8 therefore you may not be ashamed of the testimony of our Lord, nor of me His prisoner, but you suffer evil along with the good news according to the power of God,
Schaam u dan niet der getuigenis onzes Heeren, noch mijns die Zijn gevangene ben; maar lijd verdrukkingen met het Evangelie, naar de kracht Gods;
9 who saved us, and called with a holy calling, not according to our works, but according to His own purpose and grace, that was given to us in Christ Jesus, before the times of the ages, (aiōnios g166)
Die ons heeft zalig gemaakt, en geroepen met een heilige roeping; niet naar onze werken, maar naar Zijn eigen voornemen en genade, die ons gegeven is in Christus Jezus, voor de tijden der eeuwen; (aiōnios g166)
10 and was made visible now through the appearing of our Savior Jesus Christ, who indeed abolished death, and enlightened life and immortality through the good news,
Doch nu geopenbaard is door de verschijning van onzen Zaligmaker Jezus Christus, Die den dood heeft te niet gedaan, en het leven en de onverderfelijkheid aan het licht gebracht door het Evangelie;
11 to which I was placed a preacher and an apostle, and a teacher of nations,
Waartoe ik gesteld ben een prediker, en een apostel, en een leraar der heidenen;
12 for which cause these things I also suffer, but I am not ashamed, for I have known in whom I have believed, and have been persuaded that He is able to guard that which I have committed to Him—to that day.
Om welke oorzaak ik ook deze dingen lijde, maar word niet beschaamd; want ik weet, Wien ik geloofd heb, en ik ben verzekerd, dat Hij machtig is, mijn pand, bij Hem weggelegd, te bewaren tot dien dag.
13 Hold the pattern of sound words, which you heard from me, in faith and love that [is] in Christ Jesus;
Houd het voorbeeld der gezonde woorden, die gij van mij gehoord hebt, in geloof en liefde, die in Christus Jezus is.
14 guard the good thing committed through the Holy Spirit that is dwelling in us;
Bewaar het goede pand, dat u toebetrouwd is, door den Heiligen Geest, Die in ons woont.
15 you have known this, that they turned from me—all those in Asia, of whom are Phygellus and Hermogenes;
Gij weet dit, dat allen, die in Azie zijn, zich van mij afgewend hebben; onder dewelke is Fygellus en Hermogenes.
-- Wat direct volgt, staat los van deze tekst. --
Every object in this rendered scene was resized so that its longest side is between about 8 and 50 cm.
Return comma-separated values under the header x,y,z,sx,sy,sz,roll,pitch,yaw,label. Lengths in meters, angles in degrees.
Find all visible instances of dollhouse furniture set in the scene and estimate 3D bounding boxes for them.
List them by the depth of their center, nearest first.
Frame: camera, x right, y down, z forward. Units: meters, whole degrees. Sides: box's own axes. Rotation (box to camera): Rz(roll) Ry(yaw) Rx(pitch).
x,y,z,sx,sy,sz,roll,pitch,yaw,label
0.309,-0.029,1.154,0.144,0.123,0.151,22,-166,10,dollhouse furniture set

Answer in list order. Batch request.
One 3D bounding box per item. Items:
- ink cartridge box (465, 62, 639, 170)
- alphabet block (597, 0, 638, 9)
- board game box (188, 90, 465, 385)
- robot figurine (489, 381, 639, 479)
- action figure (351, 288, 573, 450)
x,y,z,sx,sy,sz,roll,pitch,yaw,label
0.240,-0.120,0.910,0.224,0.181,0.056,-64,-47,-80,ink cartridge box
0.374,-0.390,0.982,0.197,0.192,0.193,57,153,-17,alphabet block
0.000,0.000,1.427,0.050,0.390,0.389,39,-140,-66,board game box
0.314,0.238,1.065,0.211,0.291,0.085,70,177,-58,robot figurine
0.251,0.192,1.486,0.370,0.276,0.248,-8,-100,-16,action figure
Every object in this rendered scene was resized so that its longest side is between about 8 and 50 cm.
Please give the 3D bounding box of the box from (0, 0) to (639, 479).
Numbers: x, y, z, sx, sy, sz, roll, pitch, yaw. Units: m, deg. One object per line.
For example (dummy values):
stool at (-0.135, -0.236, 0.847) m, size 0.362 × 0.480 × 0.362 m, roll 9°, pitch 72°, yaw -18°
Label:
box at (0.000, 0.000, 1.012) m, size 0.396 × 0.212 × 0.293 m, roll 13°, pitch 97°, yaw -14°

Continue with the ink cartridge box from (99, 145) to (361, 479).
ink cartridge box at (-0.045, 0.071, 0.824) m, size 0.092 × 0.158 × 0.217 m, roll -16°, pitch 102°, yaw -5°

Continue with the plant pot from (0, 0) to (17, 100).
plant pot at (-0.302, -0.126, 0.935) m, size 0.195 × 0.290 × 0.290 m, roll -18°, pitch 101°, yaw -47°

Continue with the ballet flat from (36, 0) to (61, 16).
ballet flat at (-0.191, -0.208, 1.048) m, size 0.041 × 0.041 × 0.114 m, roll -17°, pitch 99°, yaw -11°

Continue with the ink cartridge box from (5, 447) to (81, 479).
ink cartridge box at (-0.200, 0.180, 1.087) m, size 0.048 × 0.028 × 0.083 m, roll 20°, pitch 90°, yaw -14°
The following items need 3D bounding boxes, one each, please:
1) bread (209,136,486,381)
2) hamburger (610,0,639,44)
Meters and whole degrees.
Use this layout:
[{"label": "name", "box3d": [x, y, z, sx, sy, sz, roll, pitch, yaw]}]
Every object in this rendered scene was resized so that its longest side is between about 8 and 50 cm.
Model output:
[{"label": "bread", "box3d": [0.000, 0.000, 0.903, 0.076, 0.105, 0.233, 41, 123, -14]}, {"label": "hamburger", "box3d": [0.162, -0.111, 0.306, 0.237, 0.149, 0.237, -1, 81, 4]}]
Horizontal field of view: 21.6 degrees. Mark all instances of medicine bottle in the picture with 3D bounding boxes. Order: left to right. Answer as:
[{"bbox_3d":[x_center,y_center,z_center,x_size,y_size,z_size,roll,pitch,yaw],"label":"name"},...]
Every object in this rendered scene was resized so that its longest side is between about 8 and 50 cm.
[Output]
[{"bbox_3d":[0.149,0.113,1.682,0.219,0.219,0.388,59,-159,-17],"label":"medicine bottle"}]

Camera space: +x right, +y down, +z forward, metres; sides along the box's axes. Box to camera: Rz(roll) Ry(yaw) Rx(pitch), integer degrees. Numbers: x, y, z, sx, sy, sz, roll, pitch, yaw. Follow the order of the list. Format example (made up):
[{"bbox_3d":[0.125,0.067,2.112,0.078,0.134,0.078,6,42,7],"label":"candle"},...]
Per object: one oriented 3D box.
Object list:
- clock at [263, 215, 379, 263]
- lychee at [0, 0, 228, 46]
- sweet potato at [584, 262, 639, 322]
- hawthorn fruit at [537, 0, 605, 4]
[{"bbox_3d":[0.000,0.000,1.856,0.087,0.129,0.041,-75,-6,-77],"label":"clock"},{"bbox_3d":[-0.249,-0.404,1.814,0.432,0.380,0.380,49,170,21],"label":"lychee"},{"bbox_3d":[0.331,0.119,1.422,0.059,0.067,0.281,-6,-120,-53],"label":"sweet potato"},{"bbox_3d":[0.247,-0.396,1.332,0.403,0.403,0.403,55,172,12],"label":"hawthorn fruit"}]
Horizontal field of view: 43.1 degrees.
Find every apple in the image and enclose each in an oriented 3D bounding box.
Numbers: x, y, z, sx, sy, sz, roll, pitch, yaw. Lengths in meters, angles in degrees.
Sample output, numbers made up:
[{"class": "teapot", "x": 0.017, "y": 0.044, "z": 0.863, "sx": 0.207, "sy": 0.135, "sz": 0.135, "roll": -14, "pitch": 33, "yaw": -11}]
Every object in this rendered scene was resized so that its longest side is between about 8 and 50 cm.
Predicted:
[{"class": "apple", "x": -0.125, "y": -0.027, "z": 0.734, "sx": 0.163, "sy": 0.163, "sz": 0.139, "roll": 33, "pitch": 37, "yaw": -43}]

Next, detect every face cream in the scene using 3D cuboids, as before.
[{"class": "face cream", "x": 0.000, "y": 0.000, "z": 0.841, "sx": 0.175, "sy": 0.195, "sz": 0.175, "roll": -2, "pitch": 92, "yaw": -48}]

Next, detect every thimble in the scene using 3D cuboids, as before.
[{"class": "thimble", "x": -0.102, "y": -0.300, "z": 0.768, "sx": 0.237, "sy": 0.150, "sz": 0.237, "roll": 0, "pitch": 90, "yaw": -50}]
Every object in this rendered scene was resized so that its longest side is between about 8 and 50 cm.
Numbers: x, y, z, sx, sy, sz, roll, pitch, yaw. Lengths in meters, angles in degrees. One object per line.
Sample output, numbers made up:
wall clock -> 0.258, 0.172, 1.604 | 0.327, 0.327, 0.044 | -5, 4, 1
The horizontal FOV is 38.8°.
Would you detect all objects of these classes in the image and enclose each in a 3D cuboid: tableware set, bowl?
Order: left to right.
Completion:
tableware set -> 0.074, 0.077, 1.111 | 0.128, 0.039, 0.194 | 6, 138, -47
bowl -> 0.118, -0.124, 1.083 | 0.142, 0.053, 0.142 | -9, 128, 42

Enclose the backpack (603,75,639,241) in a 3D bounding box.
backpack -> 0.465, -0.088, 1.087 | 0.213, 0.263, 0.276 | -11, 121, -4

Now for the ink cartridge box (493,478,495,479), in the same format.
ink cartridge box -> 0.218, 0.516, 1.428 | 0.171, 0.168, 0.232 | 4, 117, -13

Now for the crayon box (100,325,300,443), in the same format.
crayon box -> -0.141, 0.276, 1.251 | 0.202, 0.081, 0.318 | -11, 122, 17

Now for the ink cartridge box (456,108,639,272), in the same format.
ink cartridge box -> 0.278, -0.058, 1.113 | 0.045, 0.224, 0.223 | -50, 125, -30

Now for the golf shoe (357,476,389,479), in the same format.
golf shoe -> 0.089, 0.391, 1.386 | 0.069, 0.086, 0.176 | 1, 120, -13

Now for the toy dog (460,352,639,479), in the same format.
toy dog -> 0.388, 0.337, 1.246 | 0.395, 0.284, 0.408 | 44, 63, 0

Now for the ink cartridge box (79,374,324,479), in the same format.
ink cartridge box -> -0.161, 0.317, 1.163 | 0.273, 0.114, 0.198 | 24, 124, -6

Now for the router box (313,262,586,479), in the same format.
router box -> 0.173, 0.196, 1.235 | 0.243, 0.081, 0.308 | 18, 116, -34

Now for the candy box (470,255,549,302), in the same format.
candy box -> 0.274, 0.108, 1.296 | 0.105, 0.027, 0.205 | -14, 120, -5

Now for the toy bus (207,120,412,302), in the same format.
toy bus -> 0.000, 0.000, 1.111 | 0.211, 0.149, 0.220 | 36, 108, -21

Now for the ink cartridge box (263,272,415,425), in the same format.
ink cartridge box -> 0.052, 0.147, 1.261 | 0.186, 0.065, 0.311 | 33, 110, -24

16 may the LORD give kindness to the house of Onesiphorus, because he refreshed me many times, and was not ashamed of my chain,
De Heere geve den huize van Onesiforus barmhartigheid; want hij heeft mij dikmaals verkwikt, en heeft zich mijner keten niet geschaamd.
17 but being in Rome, he sought me very diligently and found [me];
Maar als hij te Rome gekomen was, heeft hij mij zeer naarstiglijk gezocht, en heeft mij gevonden.
18 may the LORD give to him to find kindness from the LORD in that day; and you very well know how much he ministered in Ephesus.
De Heere geve hem, dat hij barmhartigheid vinde bij den Heere, in dien dag; en hoeveel hij mij te Efeze gediend heeft, weet gij zeer wel.